Unfortunately for Melanie, it may take episodes to reunite in person with her daughter, if she is successful at all. The external challenge she faces when it comes to the changing climate cannot be understated.

For Connelly as an actor, though, shooting scenes in fake snow were not as challenging as they could have been. Although “Snowpiercer” uses some green screen elements to extend the size of and scope of the white landscape when it utilizes wide shots or external shots of the train, Connelly had a lot of practical fake snow in which to “play” on their soundstage.

“Of course the snow is not cold so there are some things that are still in your imagination, but the less work you have to do in your head to be in the place that you are, the easier it is, I think,” she says.

Stepping into the practical environment of the “Snowpiercer” sets also illuminates the need for important conversation and change around tough topics that range from climate change to social justice, says Connelly.

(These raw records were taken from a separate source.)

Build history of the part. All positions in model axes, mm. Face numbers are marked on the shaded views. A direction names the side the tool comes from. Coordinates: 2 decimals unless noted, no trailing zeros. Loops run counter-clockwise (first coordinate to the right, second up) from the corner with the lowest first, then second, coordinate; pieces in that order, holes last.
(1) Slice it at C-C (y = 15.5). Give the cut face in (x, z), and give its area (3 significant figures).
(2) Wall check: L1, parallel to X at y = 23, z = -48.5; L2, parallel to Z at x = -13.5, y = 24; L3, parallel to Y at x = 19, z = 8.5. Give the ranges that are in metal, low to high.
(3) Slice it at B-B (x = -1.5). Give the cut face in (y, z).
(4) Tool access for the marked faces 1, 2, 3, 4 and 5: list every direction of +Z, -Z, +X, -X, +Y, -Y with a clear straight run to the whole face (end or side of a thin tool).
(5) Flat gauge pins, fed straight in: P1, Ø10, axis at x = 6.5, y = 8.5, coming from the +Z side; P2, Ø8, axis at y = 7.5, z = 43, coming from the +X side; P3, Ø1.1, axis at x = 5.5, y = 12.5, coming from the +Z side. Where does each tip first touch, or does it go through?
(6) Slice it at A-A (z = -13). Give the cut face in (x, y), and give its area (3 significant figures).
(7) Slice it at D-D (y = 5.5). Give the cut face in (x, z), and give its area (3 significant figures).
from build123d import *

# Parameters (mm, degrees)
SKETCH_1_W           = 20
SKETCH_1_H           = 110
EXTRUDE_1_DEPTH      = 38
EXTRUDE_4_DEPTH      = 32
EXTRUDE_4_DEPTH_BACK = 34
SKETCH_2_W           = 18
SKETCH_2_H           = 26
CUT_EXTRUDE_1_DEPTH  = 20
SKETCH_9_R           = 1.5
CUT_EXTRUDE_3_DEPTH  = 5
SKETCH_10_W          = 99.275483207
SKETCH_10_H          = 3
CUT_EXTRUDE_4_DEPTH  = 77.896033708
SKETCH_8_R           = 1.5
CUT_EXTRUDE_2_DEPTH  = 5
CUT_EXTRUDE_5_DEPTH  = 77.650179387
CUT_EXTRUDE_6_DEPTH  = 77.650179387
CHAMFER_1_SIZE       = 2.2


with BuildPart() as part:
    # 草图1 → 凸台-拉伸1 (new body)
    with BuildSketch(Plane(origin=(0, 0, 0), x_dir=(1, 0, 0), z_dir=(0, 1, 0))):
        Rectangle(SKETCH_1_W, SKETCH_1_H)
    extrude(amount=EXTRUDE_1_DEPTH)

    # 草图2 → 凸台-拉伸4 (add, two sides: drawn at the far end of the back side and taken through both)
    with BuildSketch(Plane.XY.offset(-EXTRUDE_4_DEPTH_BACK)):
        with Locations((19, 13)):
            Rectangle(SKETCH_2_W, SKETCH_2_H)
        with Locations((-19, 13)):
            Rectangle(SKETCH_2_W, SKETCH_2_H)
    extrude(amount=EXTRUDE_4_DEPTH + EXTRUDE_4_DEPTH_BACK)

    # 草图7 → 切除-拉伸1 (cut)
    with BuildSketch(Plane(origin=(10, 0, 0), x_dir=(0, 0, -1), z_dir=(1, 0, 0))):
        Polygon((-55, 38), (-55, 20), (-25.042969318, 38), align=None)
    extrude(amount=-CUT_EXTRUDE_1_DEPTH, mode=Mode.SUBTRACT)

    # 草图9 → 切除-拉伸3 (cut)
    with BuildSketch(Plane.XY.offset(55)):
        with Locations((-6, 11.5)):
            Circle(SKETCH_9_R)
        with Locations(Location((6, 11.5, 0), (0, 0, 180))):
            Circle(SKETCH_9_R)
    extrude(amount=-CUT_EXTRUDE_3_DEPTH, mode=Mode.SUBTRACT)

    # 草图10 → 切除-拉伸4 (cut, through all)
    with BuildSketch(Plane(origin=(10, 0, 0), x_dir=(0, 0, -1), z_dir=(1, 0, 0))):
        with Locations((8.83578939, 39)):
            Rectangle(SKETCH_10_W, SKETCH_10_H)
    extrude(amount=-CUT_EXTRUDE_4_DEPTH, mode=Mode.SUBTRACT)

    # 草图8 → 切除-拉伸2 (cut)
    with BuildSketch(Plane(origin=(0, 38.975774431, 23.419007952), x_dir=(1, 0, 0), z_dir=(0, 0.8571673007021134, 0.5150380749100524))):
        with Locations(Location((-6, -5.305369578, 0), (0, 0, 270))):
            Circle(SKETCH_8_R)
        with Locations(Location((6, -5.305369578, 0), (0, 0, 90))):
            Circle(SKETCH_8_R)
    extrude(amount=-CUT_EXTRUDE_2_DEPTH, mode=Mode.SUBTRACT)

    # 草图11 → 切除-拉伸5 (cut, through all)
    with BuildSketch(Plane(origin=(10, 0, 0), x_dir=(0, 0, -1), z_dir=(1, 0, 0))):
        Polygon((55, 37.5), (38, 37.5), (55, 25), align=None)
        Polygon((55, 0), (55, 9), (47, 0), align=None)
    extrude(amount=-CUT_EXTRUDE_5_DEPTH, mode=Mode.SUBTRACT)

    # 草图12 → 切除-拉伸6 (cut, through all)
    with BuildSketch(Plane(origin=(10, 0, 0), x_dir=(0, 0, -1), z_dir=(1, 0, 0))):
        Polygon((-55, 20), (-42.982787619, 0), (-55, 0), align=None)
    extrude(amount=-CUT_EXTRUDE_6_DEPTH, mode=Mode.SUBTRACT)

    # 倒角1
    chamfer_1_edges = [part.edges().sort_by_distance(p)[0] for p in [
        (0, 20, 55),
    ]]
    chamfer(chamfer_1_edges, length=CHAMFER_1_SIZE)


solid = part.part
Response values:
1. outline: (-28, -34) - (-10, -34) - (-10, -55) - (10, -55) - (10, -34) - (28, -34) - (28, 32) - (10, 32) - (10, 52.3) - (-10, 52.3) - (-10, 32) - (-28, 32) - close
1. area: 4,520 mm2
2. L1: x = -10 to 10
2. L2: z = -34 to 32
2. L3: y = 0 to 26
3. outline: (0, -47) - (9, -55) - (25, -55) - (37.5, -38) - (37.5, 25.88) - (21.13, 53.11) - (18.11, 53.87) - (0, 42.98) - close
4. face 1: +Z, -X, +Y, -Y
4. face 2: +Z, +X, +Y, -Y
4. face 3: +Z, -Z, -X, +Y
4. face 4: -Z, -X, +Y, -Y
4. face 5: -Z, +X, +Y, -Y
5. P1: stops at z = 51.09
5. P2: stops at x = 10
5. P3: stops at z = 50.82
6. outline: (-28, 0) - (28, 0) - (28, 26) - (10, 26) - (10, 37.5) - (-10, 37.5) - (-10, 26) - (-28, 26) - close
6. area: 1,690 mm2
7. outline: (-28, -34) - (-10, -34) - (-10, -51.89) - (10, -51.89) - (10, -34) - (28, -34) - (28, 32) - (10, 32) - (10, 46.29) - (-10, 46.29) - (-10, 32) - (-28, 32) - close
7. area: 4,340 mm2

“I always feel like we should learn about things like climate change from scientists; that’s who we should be getting our information from. But one of the things I really liked about the show is it’s a fun, exciting, entertaining spectacle of a show, but it reflects some issues that we’re going through right now,” she explains. “Climate change, obviously, and how we respond to [it, but also] in this season, the division amongst the people on the train feels particularly relevant. Class warfare, arguments for law and order versus science, there are so many things that chime with what we are talking about today and are so pressing in our culture.”

“Snowpiercer” airs Mondays at 9 p.m. on TNT.